# The problem
The entries that follow must be given again exactly, with no pictures kept.

# Records shown

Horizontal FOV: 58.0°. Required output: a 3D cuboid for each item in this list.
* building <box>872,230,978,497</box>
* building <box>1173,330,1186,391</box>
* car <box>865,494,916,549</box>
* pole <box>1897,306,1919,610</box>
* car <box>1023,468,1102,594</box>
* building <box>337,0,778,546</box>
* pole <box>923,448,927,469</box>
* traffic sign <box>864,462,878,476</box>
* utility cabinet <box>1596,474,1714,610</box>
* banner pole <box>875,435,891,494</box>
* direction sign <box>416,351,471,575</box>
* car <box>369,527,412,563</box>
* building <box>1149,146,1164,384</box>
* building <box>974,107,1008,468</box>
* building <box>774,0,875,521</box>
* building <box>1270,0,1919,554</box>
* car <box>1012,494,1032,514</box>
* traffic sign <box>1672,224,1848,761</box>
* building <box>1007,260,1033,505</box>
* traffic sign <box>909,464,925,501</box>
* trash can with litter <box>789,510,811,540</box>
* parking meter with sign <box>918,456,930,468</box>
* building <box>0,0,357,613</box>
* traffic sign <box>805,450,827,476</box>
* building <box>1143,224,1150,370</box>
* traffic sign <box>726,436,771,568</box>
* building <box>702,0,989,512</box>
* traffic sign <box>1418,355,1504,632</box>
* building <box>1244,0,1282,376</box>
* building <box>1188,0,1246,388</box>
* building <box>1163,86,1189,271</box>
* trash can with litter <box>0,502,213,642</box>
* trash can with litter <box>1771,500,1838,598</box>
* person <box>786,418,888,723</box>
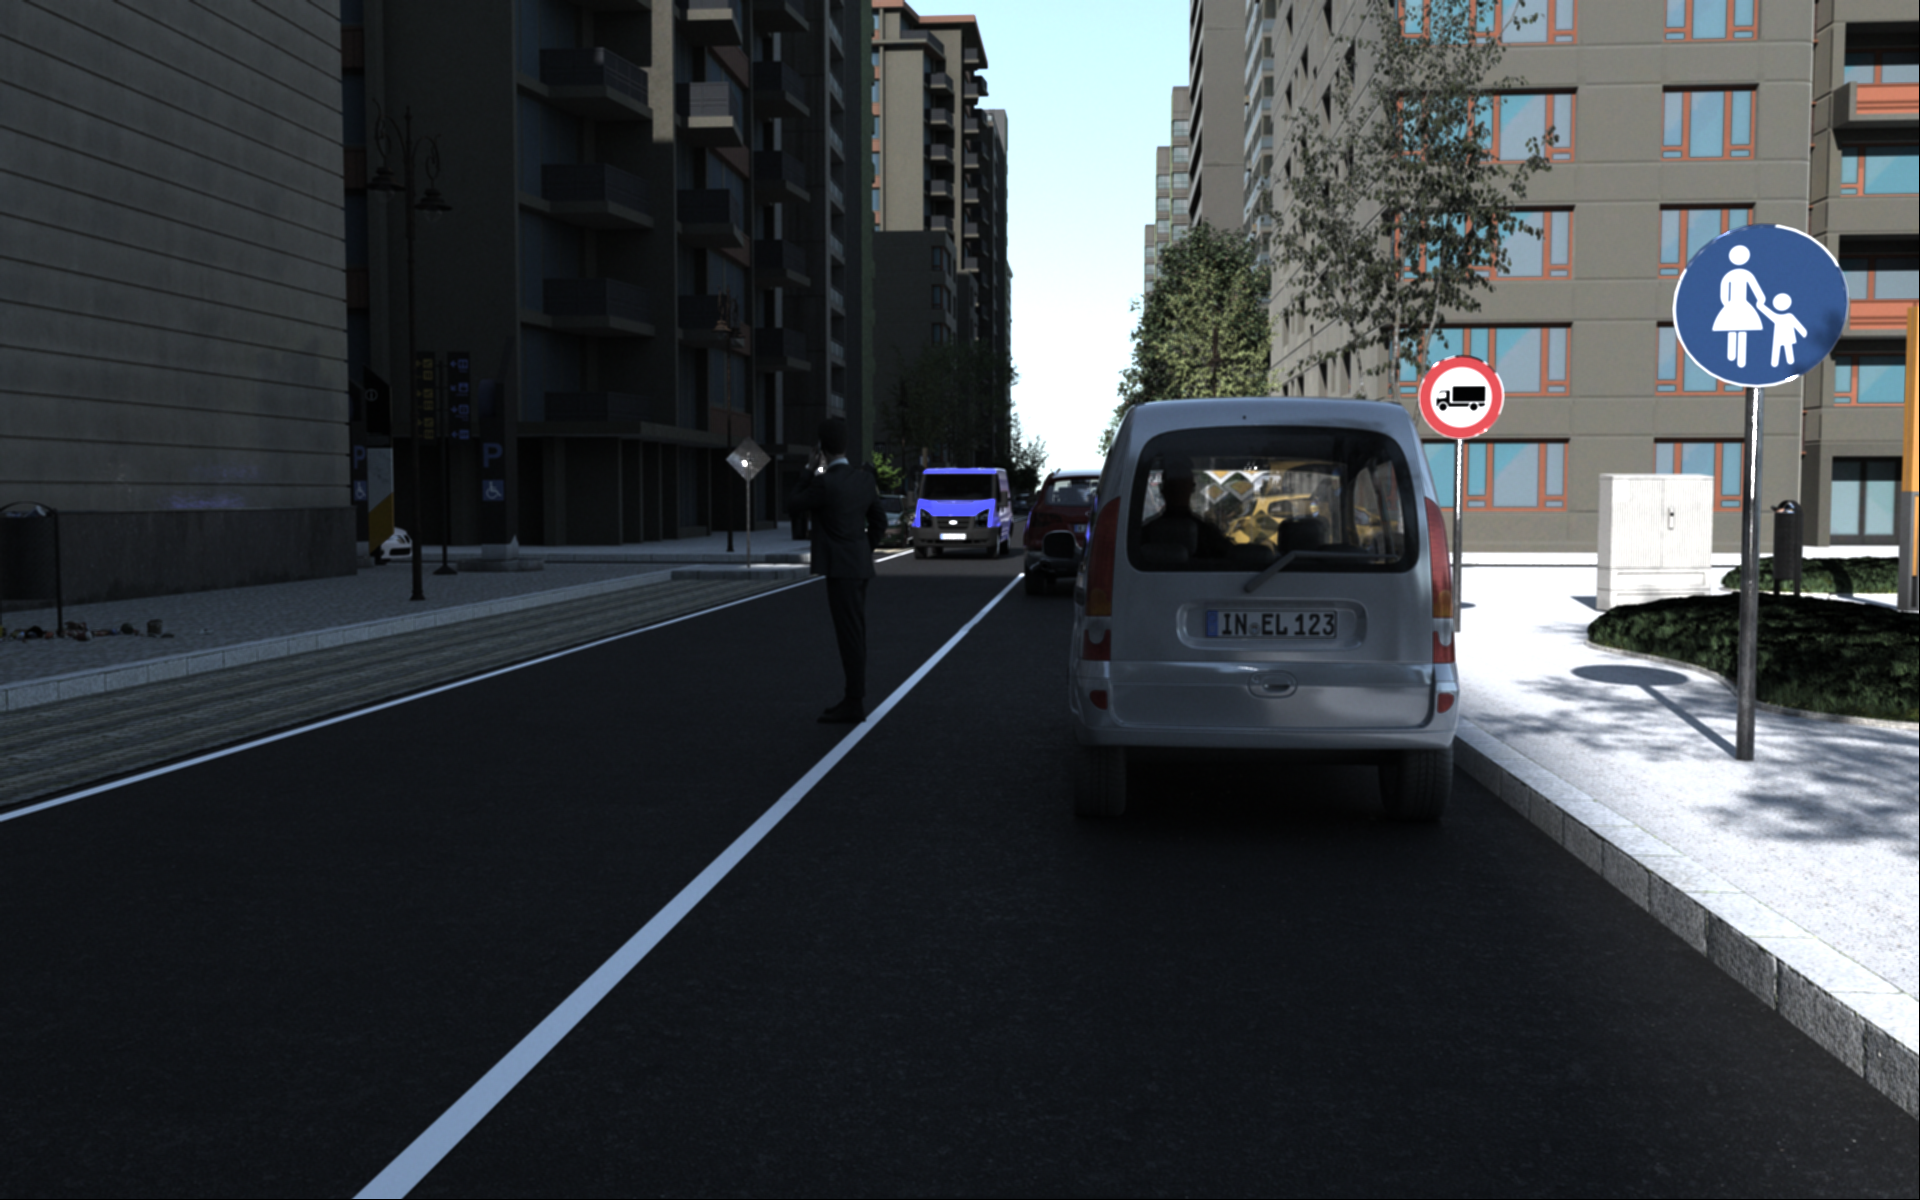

# Exercise result
Horizontal FOV: 58.0°. Required output: a 3D cuboid for each item in this list.
* building <box>872,230,978,497</box>
* building <box>1173,330,1186,391</box>
* car <box>865,494,916,549</box>
* pole <box>1897,306,1919,610</box>
* car <box>1023,468,1102,594</box>
* building <box>337,0,778,546</box>
* pole <box>923,448,927,469</box>
* traffic sign <box>864,462,878,476</box>
* utility cabinet <box>1596,474,1714,610</box>
* banner pole <box>875,435,891,494</box>
* direction sign <box>416,351,471,575</box>
* car <box>369,527,412,563</box>
* building <box>1149,146,1164,384</box>
* building <box>974,107,1008,468</box>
* building <box>774,0,875,521</box>
* building <box>1270,0,1919,554</box>
* car <box>1012,494,1032,514</box>
* traffic sign <box>1672,224,1848,761</box>
* building <box>1007,260,1033,505</box>
* traffic sign <box>909,464,925,501</box>
* trash can with litter <box>789,510,811,540</box>
* parking meter with sign <box>918,456,930,468</box>
* building <box>0,0,357,613</box>
* traffic sign <box>805,450,827,476</box>
* building <box>1143,224,1150,370</box>
* traffic sign <box>726,436,771,568</box>
* building <box>702,0,989,512</box>
* traffic sign <box>1418,355,1504,632</box>
* building <box>1244,0,1282,376</box>
* building <box>1188,0,1246,388</box>
* building <box>1163,86,1189,271</box>
* trash can with litter <box>0,502,213,642</box>
* trash can with litter <box>1771,500,1838,598</box>
* person <box>786,418,888,723</box>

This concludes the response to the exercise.